*** Opening DATASET EXCERPTS ***

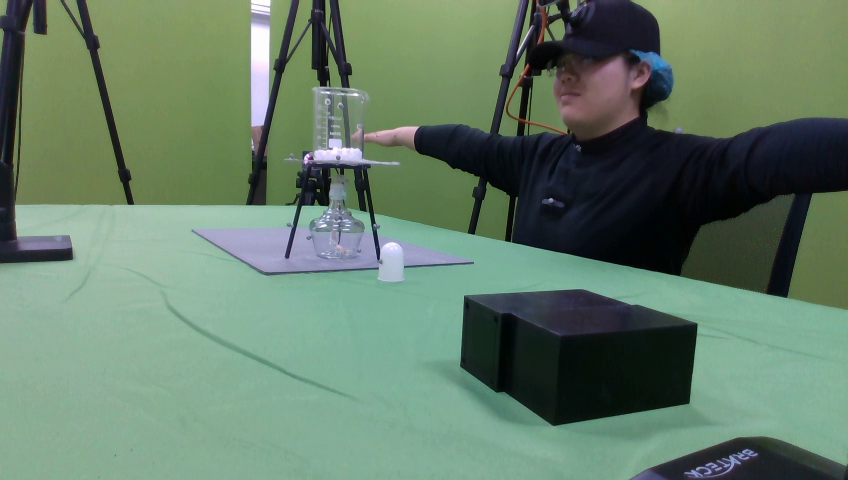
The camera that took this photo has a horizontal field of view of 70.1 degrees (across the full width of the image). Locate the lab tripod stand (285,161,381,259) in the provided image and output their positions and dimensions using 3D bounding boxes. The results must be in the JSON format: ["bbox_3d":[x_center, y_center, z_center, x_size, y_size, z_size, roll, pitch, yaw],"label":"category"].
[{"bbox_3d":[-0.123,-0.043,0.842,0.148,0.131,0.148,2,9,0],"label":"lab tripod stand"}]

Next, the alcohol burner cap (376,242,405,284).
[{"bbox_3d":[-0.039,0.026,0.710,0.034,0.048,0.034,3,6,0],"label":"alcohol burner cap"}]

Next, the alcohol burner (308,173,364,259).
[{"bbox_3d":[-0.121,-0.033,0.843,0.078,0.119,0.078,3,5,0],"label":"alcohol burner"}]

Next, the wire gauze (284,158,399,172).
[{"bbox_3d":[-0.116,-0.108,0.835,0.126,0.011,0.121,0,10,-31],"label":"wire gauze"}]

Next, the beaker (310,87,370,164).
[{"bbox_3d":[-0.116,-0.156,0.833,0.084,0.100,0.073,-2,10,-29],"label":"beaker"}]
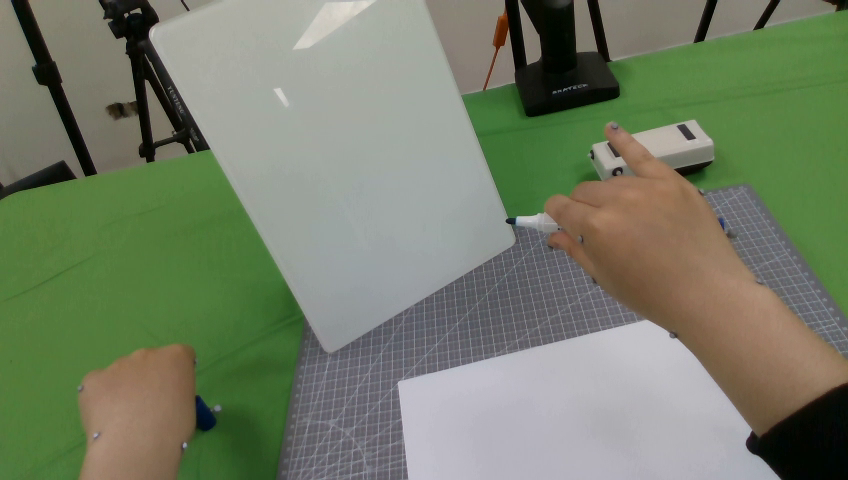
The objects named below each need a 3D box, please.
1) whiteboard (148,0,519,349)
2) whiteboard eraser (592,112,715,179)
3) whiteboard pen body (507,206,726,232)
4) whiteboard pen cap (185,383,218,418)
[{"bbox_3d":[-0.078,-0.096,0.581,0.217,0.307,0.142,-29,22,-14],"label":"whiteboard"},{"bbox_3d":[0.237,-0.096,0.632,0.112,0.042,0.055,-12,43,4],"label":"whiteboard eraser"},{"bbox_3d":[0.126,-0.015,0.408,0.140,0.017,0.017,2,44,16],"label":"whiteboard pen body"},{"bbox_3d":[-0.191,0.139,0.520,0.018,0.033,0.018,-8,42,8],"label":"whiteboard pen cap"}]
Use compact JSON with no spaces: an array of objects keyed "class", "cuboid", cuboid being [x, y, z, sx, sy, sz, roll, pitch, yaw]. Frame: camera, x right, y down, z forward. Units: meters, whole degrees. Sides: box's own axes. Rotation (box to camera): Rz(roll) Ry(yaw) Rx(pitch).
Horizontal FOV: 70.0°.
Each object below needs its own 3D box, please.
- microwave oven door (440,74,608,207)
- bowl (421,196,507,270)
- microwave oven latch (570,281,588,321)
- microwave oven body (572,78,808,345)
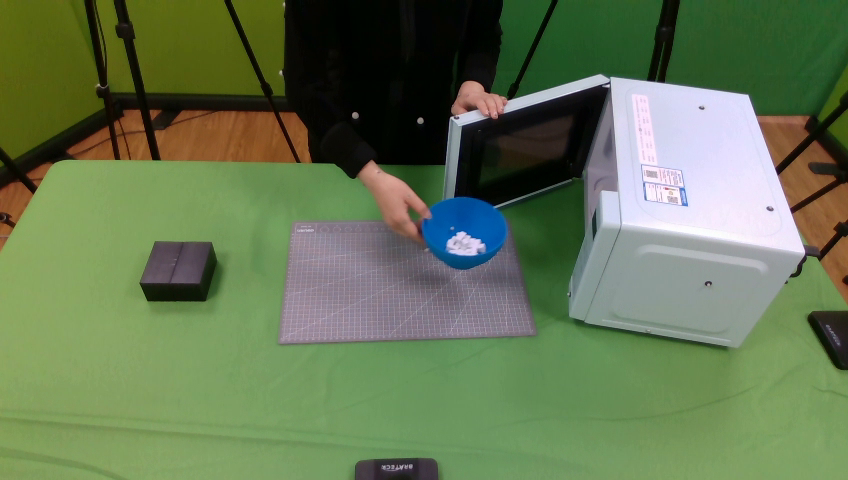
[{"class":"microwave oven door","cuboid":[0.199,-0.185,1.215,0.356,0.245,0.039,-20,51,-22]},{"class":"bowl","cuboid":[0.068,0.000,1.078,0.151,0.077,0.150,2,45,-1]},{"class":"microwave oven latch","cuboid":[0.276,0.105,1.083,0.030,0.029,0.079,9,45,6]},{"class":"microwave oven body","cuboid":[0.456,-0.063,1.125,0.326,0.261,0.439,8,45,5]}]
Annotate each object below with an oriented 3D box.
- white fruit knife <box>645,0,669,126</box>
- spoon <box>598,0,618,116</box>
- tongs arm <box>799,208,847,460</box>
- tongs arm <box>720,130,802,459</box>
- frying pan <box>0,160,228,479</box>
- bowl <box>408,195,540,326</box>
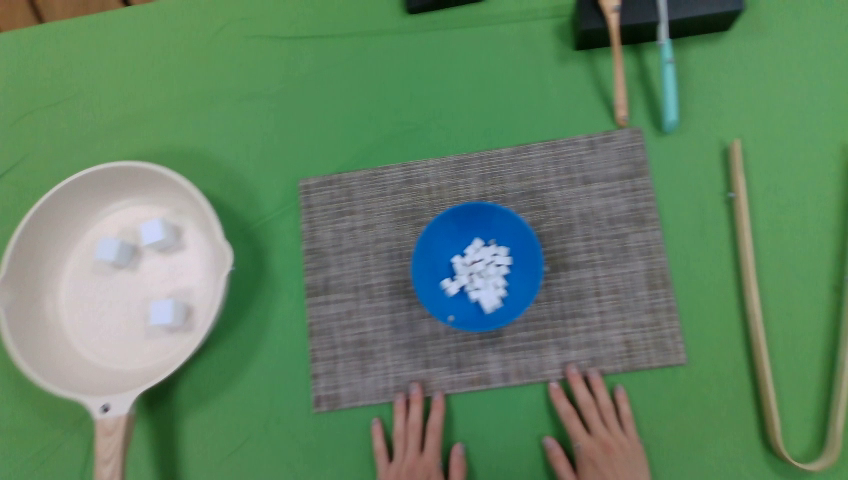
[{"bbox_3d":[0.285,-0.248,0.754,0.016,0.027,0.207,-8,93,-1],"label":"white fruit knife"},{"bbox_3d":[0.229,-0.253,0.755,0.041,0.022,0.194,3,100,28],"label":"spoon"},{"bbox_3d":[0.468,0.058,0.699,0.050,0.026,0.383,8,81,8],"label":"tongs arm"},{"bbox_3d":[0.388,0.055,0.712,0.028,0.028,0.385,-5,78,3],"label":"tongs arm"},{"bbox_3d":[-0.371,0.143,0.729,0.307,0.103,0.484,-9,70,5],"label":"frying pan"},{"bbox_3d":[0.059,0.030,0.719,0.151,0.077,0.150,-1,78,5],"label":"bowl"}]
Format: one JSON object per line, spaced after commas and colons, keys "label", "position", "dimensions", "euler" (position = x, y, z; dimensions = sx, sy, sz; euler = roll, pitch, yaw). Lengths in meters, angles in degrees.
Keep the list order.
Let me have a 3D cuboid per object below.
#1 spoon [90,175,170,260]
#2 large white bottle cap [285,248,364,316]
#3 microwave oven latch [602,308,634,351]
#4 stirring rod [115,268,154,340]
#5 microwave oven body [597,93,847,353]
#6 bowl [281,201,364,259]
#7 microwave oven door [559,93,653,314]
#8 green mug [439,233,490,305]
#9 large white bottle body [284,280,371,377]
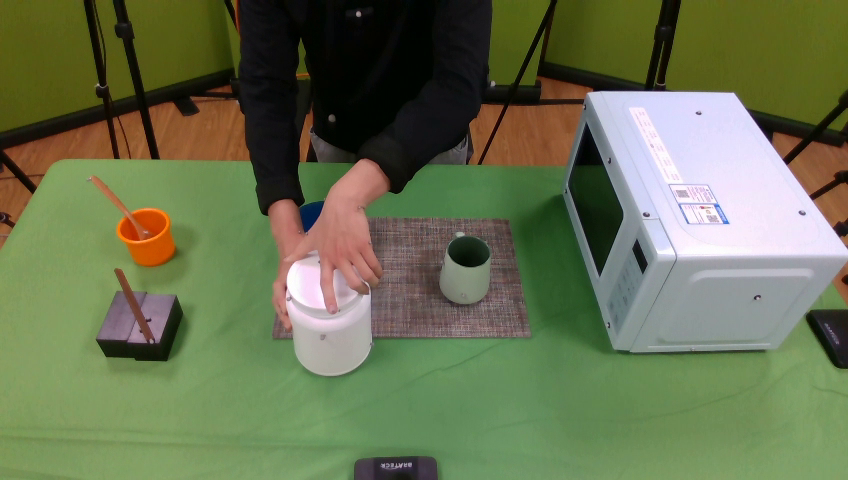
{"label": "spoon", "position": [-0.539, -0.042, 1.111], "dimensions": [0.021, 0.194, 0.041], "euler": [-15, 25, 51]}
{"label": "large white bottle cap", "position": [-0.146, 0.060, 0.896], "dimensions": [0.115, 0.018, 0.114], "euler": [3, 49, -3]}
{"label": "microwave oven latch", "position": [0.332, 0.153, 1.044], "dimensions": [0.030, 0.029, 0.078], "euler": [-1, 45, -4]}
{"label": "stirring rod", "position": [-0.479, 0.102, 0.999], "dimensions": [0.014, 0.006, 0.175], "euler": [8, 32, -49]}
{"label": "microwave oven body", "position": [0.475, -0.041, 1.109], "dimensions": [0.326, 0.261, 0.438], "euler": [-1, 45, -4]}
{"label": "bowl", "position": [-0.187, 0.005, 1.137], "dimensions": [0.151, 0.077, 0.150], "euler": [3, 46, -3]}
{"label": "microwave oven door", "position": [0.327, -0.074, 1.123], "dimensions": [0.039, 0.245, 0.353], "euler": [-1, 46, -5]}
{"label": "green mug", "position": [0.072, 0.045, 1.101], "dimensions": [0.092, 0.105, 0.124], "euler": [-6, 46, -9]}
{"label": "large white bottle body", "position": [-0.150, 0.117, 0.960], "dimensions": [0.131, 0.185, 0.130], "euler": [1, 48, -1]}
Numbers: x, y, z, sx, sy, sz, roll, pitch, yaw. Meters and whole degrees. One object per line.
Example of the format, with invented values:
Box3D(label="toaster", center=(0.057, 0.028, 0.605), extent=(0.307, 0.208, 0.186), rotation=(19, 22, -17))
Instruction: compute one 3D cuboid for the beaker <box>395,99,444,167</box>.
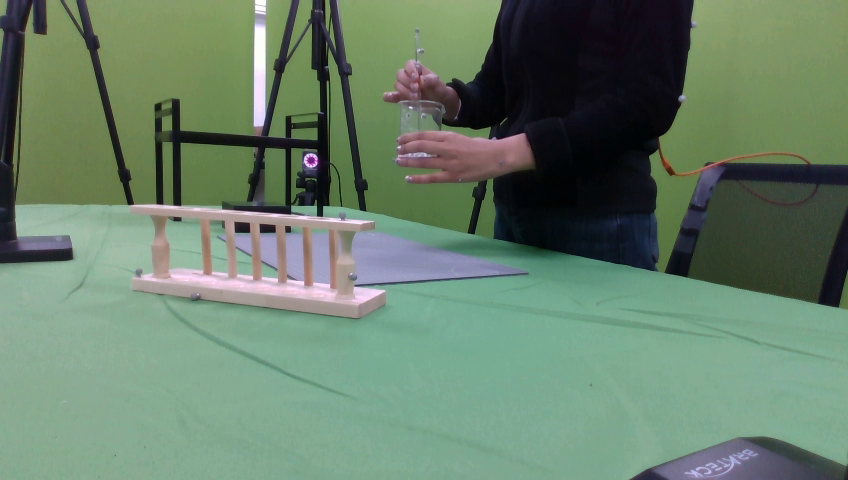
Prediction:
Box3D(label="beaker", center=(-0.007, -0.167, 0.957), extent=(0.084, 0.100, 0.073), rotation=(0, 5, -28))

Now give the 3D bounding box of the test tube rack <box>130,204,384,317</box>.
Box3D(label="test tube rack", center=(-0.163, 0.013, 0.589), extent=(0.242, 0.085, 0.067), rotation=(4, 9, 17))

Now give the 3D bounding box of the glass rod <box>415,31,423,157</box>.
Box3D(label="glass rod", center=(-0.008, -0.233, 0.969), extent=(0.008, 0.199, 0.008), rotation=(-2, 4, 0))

*** Closing DATASET EXCERPTS ***

Give back exactly, and solely, the section of the data above bounded by the line containing "- spoon <box>598,0,618,116</box>" and the line containing "#8 green mug [439,233,490,305]", both bounding lines included and pictures omitted.

— ANSWER TO THIS PROBLEM —
- spoon <box>598,0,618,116</box>
- tongs arm <box>799,208,847,460</box>
- tongs arm <box>720,130,802,459</box>
- frying pan <box>0,160,228,479</box>
- bowl <box>408,195,540,326</box>
[{"bbox_3d":[0.285,-0.248,0.754,0.016,0.027,0.207,-8,93,-1],"label":"white fruit knife"},{"bbox_3d":[0.229,-0.253,0.755,0.041,0.022,0.194,3,100,28],"label":"spoon"},{"bbox_3d":[0.468,0.058,0.699,0.050,0.026,0.383,8,81,8],"label":"tongs arm"},{"bbox_3d":[0.388,0.055,0.712,0.028,0.028,0.385,-5,78,3],"label":"tongs arm"},{"bbox_3d":[-0.371,0.143,0.729,0.307,0.103,0.484,-9,70,5],"label":"frying pan"},{"bbox_3d":[0.059,0.030,0.719,0.151,0.077,0.150,-1,78,5],"label":"bowl"}]
Format: one JSON object per line, spaced after commas and colons, keys "label", "position", "dimensions", "euler" (position = x, y, z; dimensions = sx, sy, sz; euler = roll, pitch, yaw). Lengths in meters, angles in degrees.
Keep the list order.
Let me have a 3D cuboid per object below.
#1 spoon [90,175,170,260]
#2 large white bottle cap [285,248,364,316]
#3 microwave oven latch [602,308,634,351]
#4 stirring rod [115,268,154,340]
#5 microwave oven body [597,93,847,353]
#6 bowl [281,201,364,259]
#7 microwave oven door [559,93,653,314]
#8 green mug [439,233,490,305]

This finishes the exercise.